I remember the funeral. All my in-laws came, and they just ignored poor Val. I felt like a dead duck in a thunderstorm, and they were just talking among themselves. When they’d gone and it was all over, Val sat there looking so lonely. I said ‘It’s just me and you now, duck. He’s happy now, because he suffered terribly’ and she knew he had.

She always talked about Horace, and always referred to him as ‘My brother-in-law. She loved him. After Horace died, it was a lonely time for Val and me. I took up drinking sherry. I would start drinking at 9am, and by lunchtime the bottle’d be empty. Valerie would be sitting nearby, making rosettes out of bits of wool. After lunch I’d sleep most of the afternoon, have me tea, then off to bed at 7pm.

Val used to get our hot water bottles ready for bed while I did my ablutions. I’d leave the bathroom door open so I could see her in the kitchen, just in case. Then one night I was violently sick. I was literally hanging on the washbasin and I looked over at our Val. ‘I don’t half feel bad’, I said. Val just looked back at me, in disgust and said, ‘Serves you right!’ There and then, I decided ‘Right, I'll never touch another drop as long as I live’.
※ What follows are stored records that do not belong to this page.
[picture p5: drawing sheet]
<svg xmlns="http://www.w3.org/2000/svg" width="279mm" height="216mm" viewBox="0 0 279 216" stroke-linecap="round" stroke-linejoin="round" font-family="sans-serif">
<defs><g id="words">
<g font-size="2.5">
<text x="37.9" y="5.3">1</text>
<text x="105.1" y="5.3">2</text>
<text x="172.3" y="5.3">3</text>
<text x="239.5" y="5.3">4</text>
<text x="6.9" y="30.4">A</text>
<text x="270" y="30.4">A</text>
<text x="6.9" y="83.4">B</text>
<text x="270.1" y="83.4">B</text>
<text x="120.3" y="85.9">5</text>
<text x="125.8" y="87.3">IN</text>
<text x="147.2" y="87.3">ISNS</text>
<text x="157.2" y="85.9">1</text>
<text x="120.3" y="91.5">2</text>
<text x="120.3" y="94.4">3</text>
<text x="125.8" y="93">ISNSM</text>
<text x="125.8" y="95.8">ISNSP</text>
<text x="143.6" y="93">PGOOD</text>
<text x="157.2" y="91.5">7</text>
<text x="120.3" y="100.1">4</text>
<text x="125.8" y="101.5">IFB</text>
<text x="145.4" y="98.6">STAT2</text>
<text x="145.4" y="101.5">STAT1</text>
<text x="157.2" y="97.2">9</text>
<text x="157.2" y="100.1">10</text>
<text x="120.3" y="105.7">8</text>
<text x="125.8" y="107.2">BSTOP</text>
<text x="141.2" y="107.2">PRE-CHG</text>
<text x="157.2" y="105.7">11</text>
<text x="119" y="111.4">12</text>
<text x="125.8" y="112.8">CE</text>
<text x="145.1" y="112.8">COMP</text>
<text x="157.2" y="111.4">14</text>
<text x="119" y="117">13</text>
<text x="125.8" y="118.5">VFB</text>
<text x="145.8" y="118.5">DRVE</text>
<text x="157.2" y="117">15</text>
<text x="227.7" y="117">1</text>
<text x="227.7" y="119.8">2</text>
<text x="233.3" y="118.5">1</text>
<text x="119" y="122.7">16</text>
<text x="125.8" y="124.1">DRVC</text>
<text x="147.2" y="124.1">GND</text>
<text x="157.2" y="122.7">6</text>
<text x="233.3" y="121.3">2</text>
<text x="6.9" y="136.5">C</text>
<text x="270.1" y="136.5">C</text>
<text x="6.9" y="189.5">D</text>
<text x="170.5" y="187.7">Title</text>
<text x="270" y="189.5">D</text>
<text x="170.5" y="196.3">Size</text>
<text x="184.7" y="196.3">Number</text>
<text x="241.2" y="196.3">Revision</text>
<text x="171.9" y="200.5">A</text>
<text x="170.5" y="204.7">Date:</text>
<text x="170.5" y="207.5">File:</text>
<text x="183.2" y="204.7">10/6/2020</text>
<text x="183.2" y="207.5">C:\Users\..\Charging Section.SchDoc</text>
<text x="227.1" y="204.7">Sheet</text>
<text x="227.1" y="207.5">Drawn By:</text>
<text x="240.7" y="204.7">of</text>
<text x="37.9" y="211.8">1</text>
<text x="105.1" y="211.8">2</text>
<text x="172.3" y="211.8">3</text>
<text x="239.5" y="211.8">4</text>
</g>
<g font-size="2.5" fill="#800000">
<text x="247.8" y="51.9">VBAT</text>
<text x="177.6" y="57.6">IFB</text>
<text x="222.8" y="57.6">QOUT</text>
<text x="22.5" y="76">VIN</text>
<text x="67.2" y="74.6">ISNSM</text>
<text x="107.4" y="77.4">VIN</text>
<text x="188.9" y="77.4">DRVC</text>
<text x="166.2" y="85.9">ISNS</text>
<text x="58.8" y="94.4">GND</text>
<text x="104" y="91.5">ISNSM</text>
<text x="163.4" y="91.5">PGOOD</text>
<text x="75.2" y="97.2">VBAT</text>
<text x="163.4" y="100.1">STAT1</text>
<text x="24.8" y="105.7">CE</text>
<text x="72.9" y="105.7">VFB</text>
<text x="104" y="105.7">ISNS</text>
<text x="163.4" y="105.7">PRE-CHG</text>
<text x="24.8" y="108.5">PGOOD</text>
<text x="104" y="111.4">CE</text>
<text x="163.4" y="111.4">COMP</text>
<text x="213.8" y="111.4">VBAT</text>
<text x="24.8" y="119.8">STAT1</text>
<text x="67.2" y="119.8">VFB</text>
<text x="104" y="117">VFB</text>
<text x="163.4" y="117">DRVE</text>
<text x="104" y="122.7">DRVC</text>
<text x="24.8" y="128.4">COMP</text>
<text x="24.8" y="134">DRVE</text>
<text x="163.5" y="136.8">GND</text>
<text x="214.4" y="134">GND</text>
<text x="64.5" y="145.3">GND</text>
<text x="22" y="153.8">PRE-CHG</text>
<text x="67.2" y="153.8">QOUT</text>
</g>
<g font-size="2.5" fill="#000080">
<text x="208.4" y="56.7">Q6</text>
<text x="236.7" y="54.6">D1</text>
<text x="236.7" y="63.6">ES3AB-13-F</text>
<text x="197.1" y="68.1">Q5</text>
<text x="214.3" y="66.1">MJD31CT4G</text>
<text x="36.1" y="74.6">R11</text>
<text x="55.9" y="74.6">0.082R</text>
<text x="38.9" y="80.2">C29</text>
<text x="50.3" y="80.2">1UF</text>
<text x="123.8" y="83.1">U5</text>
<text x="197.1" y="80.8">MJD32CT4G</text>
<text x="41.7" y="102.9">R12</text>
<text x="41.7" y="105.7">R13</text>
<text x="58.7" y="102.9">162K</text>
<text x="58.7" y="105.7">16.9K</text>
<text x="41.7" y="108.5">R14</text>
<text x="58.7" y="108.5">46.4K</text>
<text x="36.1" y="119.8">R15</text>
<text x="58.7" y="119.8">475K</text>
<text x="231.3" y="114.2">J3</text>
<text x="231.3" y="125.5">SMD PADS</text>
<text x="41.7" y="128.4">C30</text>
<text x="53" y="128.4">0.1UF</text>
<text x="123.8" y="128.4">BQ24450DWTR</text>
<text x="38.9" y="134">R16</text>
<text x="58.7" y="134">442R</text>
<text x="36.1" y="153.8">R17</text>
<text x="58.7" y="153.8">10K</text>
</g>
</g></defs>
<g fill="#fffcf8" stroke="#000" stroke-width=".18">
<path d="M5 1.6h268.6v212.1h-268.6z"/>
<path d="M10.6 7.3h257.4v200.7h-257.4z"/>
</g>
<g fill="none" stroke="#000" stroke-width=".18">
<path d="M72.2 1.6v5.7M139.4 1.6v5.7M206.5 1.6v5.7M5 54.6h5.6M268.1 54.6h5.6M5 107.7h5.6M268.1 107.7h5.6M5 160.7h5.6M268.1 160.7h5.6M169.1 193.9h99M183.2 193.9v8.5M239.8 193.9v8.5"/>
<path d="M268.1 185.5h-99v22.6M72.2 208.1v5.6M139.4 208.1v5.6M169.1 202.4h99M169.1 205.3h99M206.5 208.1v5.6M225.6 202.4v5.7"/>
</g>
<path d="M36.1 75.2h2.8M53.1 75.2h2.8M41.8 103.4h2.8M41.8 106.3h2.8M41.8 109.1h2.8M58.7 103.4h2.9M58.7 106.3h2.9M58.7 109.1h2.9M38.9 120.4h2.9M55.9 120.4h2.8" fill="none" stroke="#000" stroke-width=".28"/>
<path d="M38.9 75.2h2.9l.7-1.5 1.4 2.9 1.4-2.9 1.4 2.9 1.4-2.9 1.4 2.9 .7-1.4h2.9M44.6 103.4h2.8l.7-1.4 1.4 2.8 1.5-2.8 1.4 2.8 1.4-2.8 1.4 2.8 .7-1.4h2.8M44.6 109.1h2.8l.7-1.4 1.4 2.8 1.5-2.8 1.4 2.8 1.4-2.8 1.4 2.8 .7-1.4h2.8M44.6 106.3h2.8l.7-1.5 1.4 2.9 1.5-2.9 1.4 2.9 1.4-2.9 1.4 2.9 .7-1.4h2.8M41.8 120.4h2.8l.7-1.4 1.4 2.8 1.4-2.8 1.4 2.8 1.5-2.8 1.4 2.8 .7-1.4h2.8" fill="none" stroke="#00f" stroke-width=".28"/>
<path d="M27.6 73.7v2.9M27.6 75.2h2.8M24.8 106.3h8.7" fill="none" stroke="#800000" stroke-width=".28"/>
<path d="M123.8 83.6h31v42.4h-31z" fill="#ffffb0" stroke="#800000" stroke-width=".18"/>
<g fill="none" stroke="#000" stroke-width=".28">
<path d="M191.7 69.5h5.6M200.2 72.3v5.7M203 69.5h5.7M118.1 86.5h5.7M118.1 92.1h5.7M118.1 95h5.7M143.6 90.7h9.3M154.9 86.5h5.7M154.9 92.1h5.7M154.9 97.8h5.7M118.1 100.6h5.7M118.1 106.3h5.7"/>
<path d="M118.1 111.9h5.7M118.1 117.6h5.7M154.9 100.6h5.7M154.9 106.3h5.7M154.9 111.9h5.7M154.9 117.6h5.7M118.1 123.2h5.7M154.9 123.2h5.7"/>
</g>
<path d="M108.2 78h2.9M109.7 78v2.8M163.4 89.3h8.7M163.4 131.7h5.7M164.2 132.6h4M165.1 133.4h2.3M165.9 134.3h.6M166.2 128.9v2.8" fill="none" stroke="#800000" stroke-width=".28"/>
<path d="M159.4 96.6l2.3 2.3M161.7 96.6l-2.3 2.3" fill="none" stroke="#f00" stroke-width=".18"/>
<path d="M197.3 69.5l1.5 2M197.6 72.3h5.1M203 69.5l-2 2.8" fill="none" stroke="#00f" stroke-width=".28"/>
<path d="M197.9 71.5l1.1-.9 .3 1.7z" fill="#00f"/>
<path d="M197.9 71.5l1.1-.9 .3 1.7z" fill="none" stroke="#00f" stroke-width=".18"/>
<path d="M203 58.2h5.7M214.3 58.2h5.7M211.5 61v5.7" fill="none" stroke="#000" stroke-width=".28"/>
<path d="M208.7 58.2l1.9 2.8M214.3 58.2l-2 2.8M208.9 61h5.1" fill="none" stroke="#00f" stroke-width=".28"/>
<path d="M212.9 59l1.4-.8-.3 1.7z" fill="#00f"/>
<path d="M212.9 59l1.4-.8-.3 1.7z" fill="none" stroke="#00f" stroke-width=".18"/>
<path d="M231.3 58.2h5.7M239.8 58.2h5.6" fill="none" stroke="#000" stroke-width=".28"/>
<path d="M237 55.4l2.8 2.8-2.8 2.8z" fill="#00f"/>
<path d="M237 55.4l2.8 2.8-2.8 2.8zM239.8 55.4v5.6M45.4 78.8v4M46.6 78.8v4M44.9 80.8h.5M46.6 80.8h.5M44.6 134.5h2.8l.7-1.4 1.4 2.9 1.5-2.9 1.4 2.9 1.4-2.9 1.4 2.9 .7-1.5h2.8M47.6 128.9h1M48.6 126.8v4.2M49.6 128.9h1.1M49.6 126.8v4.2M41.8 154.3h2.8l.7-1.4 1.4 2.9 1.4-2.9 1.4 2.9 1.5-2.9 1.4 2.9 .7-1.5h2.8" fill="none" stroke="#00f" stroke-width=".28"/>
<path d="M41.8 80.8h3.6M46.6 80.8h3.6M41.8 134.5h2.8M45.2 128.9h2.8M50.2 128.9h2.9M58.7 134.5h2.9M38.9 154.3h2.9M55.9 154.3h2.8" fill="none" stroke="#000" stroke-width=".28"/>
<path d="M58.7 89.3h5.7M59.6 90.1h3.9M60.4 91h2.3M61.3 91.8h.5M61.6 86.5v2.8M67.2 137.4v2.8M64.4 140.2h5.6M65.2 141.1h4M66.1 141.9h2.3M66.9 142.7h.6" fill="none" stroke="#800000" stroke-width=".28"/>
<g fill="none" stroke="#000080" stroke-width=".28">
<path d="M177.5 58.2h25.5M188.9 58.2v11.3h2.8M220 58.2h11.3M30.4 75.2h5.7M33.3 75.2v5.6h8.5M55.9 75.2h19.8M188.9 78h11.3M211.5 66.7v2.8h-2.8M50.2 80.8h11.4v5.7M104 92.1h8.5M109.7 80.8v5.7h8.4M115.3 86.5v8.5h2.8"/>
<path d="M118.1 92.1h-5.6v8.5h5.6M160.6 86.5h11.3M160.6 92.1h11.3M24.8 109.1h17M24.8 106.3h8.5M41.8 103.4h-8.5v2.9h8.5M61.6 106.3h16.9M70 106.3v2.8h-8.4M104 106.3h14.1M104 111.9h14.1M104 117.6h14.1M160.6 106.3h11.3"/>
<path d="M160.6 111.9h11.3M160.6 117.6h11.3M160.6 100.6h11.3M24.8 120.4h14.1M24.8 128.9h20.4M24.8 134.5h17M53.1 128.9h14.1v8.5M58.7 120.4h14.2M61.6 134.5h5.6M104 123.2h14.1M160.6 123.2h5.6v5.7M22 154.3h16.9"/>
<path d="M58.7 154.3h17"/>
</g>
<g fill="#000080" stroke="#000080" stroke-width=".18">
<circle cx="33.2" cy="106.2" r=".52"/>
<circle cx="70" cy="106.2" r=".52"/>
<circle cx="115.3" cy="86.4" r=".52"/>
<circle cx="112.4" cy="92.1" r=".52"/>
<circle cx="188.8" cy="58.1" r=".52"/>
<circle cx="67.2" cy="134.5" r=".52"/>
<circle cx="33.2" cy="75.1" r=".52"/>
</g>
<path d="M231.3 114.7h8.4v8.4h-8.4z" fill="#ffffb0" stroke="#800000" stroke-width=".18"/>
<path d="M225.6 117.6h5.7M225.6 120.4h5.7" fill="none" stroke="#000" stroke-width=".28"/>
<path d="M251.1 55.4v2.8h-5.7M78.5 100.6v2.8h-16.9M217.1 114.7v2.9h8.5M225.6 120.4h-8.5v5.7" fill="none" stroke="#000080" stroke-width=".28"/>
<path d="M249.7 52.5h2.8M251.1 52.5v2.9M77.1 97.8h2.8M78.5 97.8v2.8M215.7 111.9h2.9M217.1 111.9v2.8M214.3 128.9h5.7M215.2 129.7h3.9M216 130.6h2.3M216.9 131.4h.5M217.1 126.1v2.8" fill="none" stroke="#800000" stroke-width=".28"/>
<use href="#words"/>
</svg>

And thank God, I never have!

As I said, it was a lonely time for me and Val after Horace died. I had an inspiration and got in touch with the Community Learning Disabilities Team. Sue Sprague, the Occupational Therapist, came over to see us. She took to Val s away, and Val took to her. Sue will never forget the hilarious time we had when Val had chicken pox.

Then Cathy Huxtable, who is the support worker on the Team, started to take both of us out shopping once every week. We did this for a few years, and we became great friends. As time went on, walking got too difficult for Val and Cathy would take her out in the wheelchair. I used to stop at home because it was getting too much for me. Val used to think of anything we needed for the house and bring it back. When it was time to come back from her shopping tips, she’d look at Cathy and say ‘I’m not speaking to you any more’

Later on, Val was taken very ill and had to go into hospital with pneumonia. I pleaded with the doctor for her not to go. I thought she’d die. She went into Isebrook Hospital. Val was so brave, but she did suffer. Cathy was the only person who could persuade her to eat. The doctor said she’d have to go into a nursing home. We went to look round a few different homes, and found one at Ringstead we thought would suit.

I visited Val every day until she died, about five weeks later. I’d always sing ‘All things bright and beautiful’ to her and then say a prayer before I left. She died on 27 July. I was with her when she died. I know she is still with me in spirit.

I would like anyone reading this who has a child with Down syndrome just to pray for patience and enough love to carry them through. My sister was marvellous - she was God’s Gift to me and to everyone who knew her.

Thank you to all of the people who have helped us, especially Sue and Cathy, and who are helping me still.

Dictated to Jenny Traveller, Community Nurse Typed verbatim by Jane Tinkler, Team Secretary.